Maggie Stiefvater, YA author extraordinaire, recently posted this to her tumblr:

“Every day I discover more and more beautiful things. It’s enough to drive one mad. I have such a desire to do everything, my head is bursting with it.”

– Claude Monet

I feel like this All. The. Time.

Current things I want to do, but have not had time, include:

1. Making this infinity scarf. I bought wool and everything. But the whole “it only takes an hour!” thing is a lie, if you don’t know how to knit, anyway. In an hour I did this:

CastingOn

Yep, I managed to figure out how to cast on. Too tightly. So I had to unravel everything I’d done when my baby woke up from her nap, rather than carry on later. Sigh.
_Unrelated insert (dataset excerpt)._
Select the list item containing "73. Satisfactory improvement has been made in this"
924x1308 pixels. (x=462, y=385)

2. Kokedama-making. Again, I have all the necessary supplies in my possession, I just need some time to make the damn things. Sigh.
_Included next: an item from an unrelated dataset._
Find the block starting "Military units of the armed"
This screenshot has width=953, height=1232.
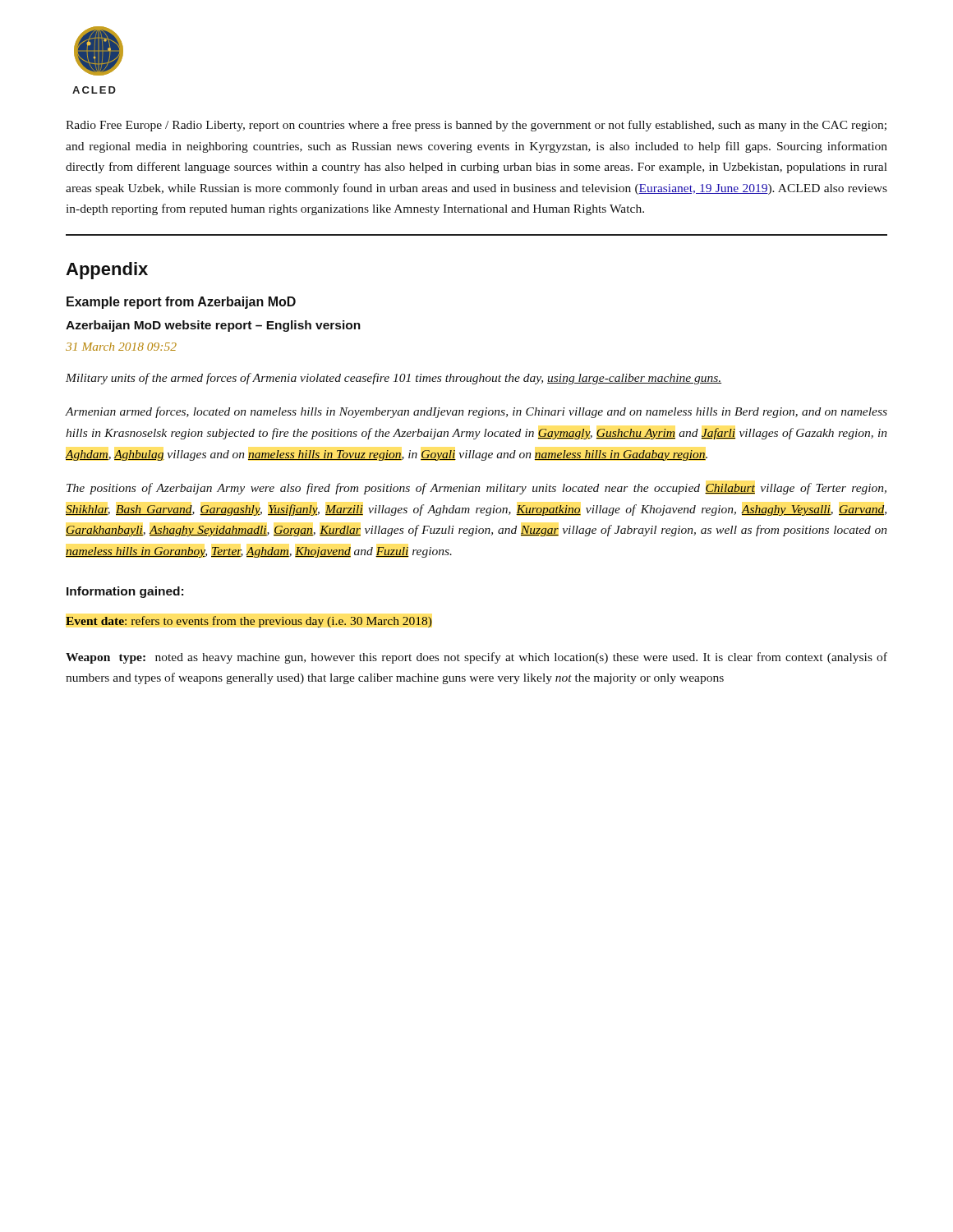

3. Make a paper pom-pom/paper fall wall decoration type thing for the lounge room. I managed to finish the smaller one I had planned for the toddler’s room:

PompomFanCorner

But I haven’t had time to make enough for a boring corner we have in the lounge room. Sigh. So far I’ve made multiple fans AND pom-poms for it, but not enough. Turns out that you need heaps and heaps.

The additional problem with this last one is that I keep making fans or pom-poms that I think my friends will like and putting them aside for them.

4. Embroider myself an embroidery hoop necklace. I bought a kit from Dadnelyne and everything:

5. Blog. I have so many topics I need to blog about.

NOT ENOUGH TIIIIIIIIIIME…..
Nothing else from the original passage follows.